What to do: After locating the line that contains "Identify the document" in the records below, write out exactly that line and each line after it through the one that contains "text $ ssh -L 12345:google.com:80 bruker@server2", and nothing else.

Source data:
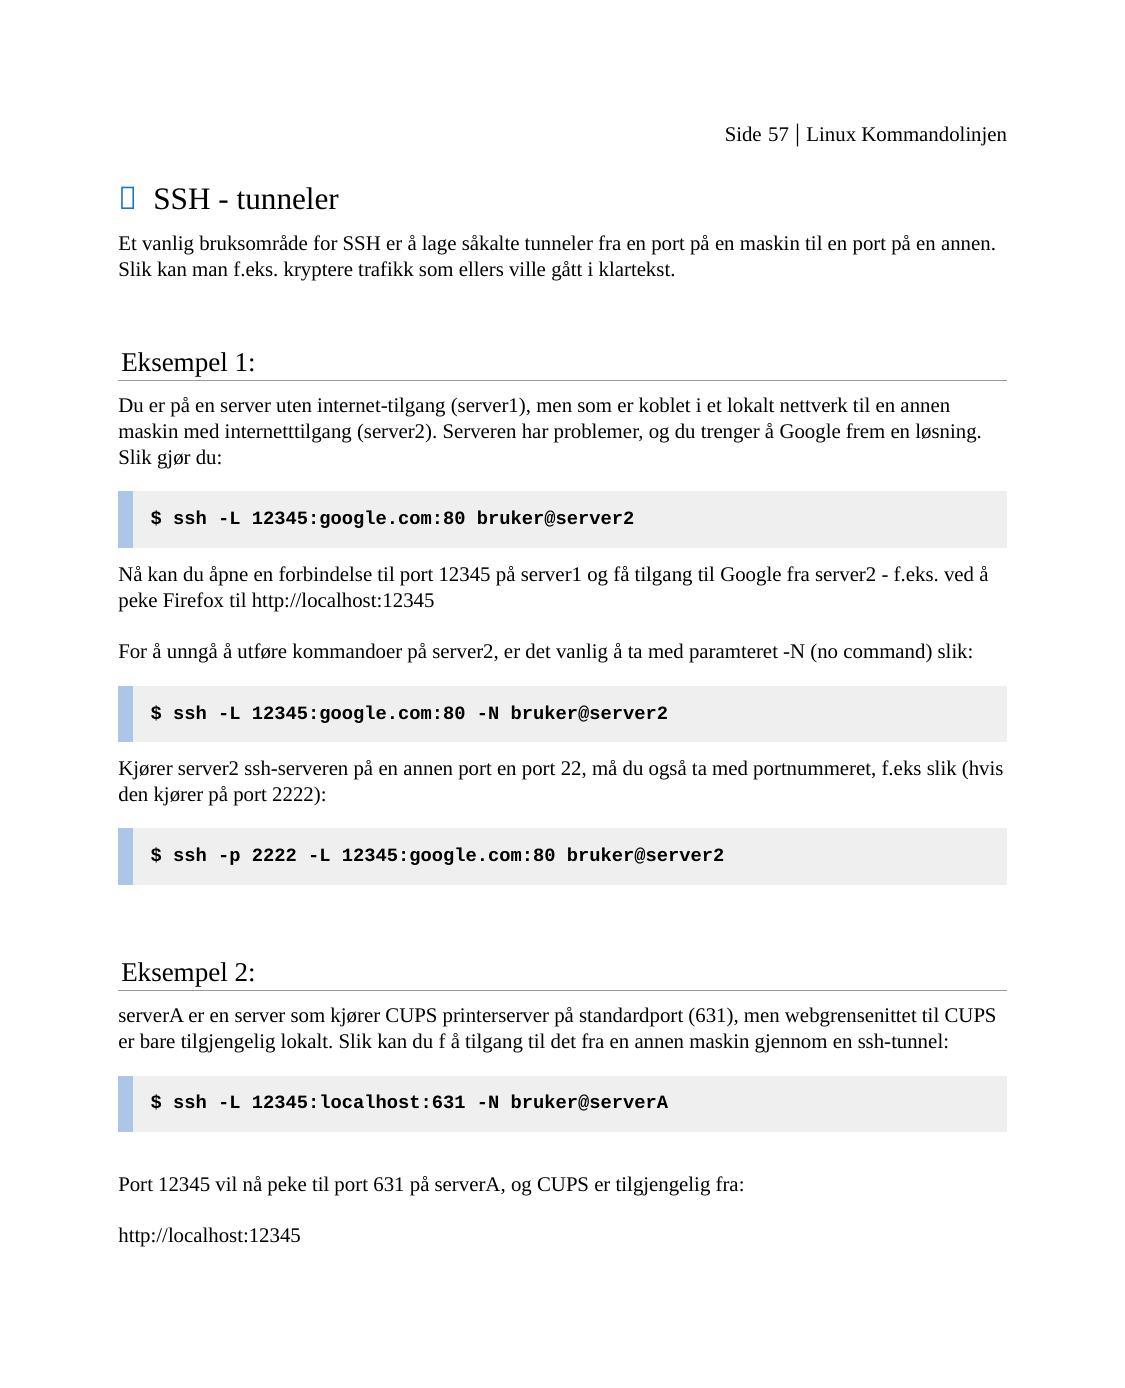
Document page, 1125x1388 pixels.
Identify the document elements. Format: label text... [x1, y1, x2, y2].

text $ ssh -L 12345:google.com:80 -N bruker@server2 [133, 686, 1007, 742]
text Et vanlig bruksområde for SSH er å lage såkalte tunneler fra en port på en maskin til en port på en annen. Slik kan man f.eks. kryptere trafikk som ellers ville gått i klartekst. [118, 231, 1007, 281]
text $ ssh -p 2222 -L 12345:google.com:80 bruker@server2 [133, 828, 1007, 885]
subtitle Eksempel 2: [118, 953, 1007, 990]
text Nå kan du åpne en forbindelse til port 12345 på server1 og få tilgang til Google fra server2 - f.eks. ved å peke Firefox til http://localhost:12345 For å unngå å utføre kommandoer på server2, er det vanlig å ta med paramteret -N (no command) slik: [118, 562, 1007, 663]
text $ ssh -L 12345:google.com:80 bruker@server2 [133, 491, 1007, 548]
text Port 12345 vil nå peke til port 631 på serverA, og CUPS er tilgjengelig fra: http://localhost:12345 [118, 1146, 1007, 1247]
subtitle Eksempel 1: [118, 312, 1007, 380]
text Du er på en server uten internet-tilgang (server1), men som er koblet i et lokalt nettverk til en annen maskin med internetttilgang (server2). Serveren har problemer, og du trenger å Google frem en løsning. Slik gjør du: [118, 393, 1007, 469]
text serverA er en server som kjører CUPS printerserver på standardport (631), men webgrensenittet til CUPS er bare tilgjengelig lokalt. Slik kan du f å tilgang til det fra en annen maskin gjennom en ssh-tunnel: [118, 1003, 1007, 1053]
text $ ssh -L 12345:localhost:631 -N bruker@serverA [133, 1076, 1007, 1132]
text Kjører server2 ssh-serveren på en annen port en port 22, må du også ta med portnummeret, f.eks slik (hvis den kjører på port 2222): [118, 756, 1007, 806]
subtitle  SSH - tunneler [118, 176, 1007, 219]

Output of the exercise:
Identify the document elements. Format: label text... [x1, y1, x2, y2].

text $ ssh -L 12345:google.com:80 -N bruker@server2 [133, 686, 1007, 742]
text Et vanlig bruksområde for SSH er å lage såkalte tunneler fra en port på en maskin til en port på en annen. Slik kan man f.eks. kryptere trafikk som ellers ville gått i klartekst. [118, 231, 1007, 281]
text $ ssh -p 2222 -L 12345:google.com:80 bruker@server2 [133, 828, 1007, 885]
subtitle Eksempel 2: [118, 953, 1007, 990]
text Nå kan du åpne en forbindelse til port 12345 på server1 og få tilgang til Google fra server2 - f.eks. ved å peke Firefox til http://localhost:12345 For å unngå å utføre kommandoer på server2, er det vanlig å ta med paramteret -N (no command) slik: [118, 562, 1007, 663]
text $ ssh -L 12345:google.com:80 bruker@server2 [133, 491, 1007, 548]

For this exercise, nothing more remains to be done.